# Any Arabic Classes in Nasr City?



## xxxxxxxxxxCarmen schmidt (Mar 4, 2009)

Hi again. 
I am Carmen Schmidt from the UK, married to an Egyptian and living in Nasr City fairly near to City Stars I don't know any expats at all!! 
Are there any Arabic Classes I can attend nearby? 
Thanks, Carmen


----------



## wgazzar (Apr 14, 2009)

*Arabic School with Very Good Reputation*



Carmen schmidt said:


> Hi again.
> I am Carmen Schmidt from the UK, married to an Egyptian and living in Nasr City fairly near to City Stars I don't know any expats at all!!
> Are there any Arabic Classes I can attend nearby?
> Thanks, Carmen


Dear Carmen,

Search for "Fajr Center for the Arabic Language" on Google...

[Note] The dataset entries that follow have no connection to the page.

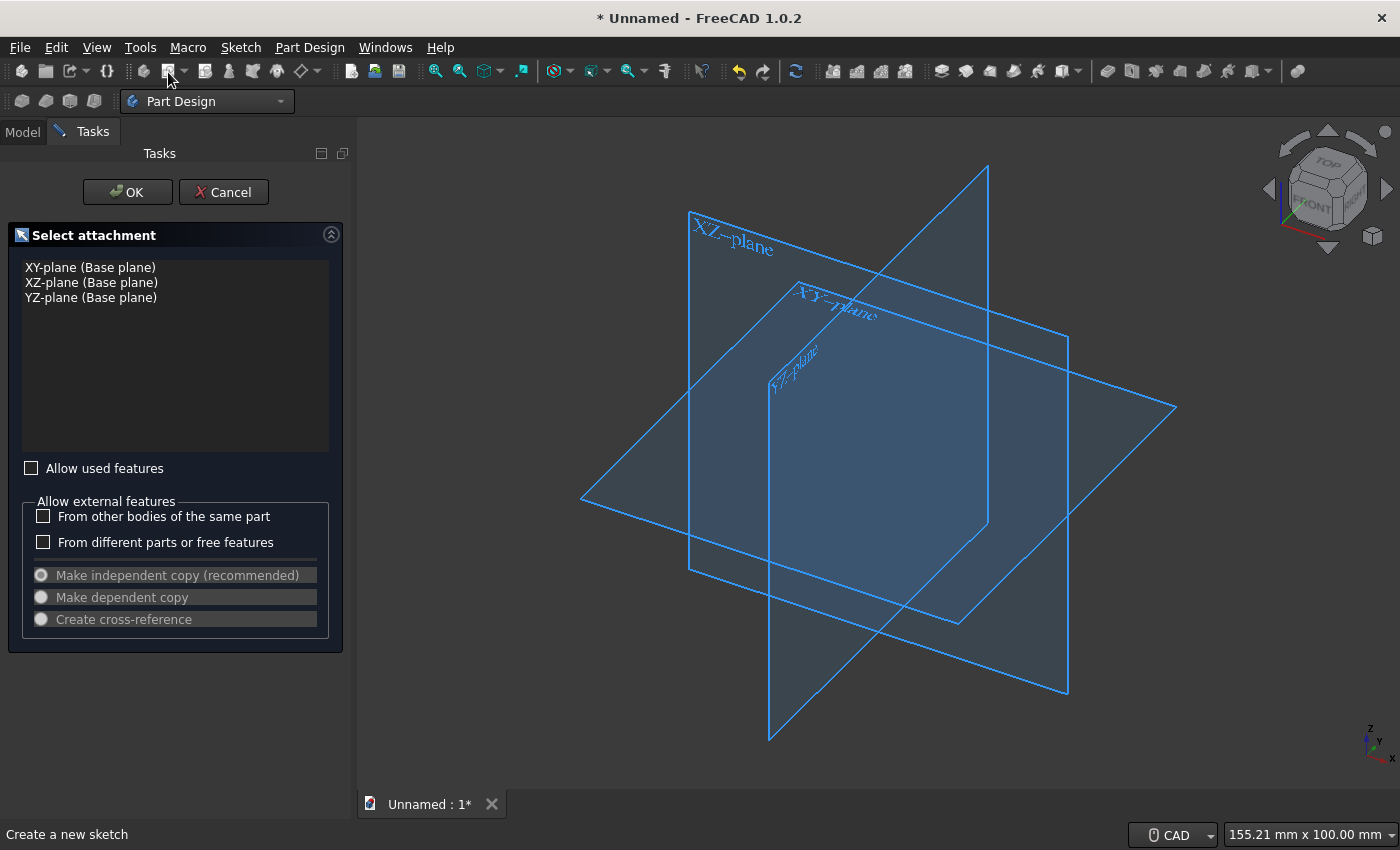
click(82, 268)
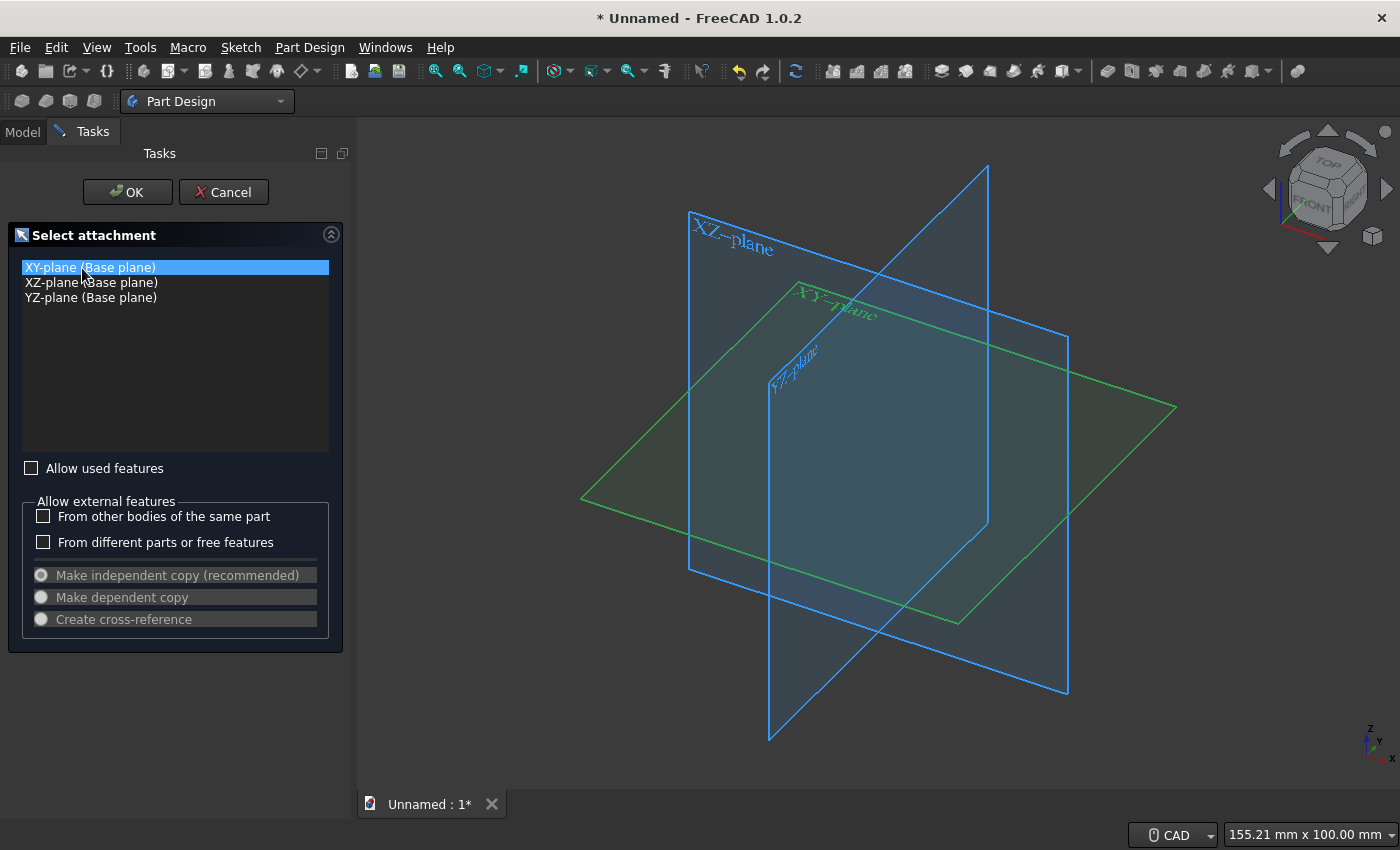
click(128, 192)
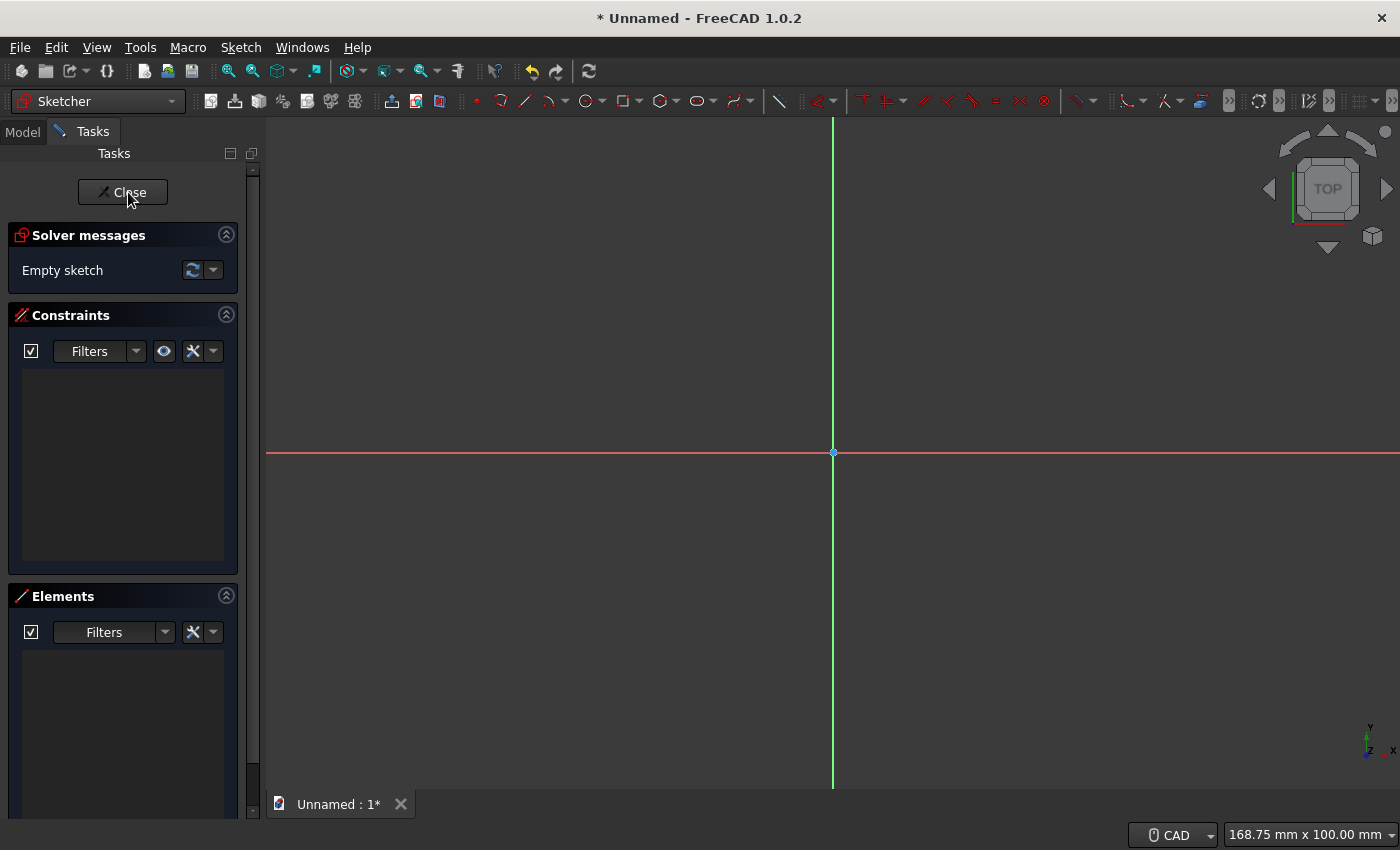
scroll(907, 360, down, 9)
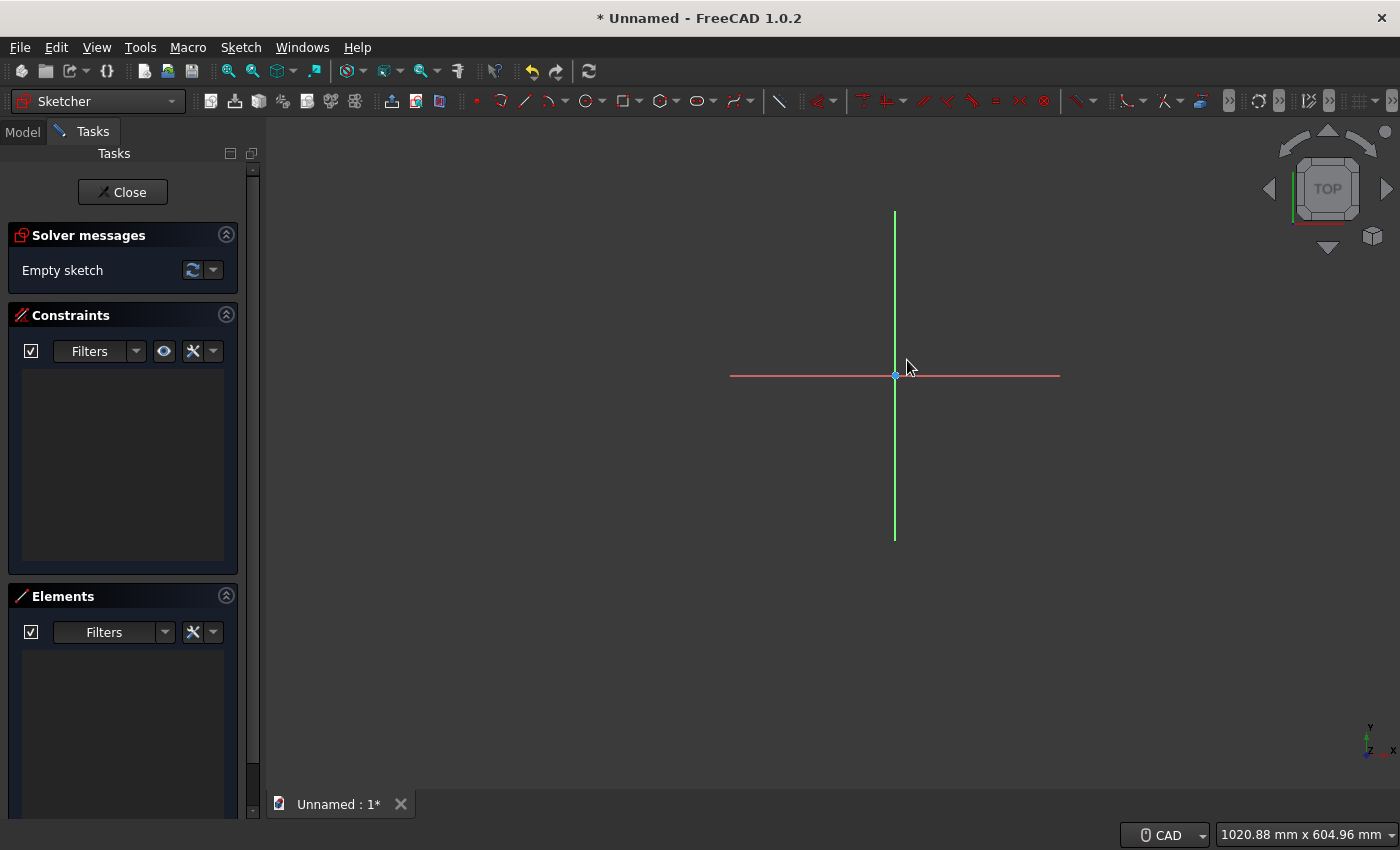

They have a very good reputation and very diverse students...


Regards


----------



## hend.elhaddad (Nov 12, 2009)

hi there , you can always find someone to tutor you, and why dont you ask your wife to teach you if you are egyptian


----------



## Abdurahman36 (Jan 10, 2010)

hello there is a center infront of Seraj Mall in a street called Ahmed el semman street I think it is not far from city stars you could even walk for 20 minutes.


----------



## DKA (Nov 23, 2013)

I am looking for a qualified Arabic Language Institute in Heliopolis!


----------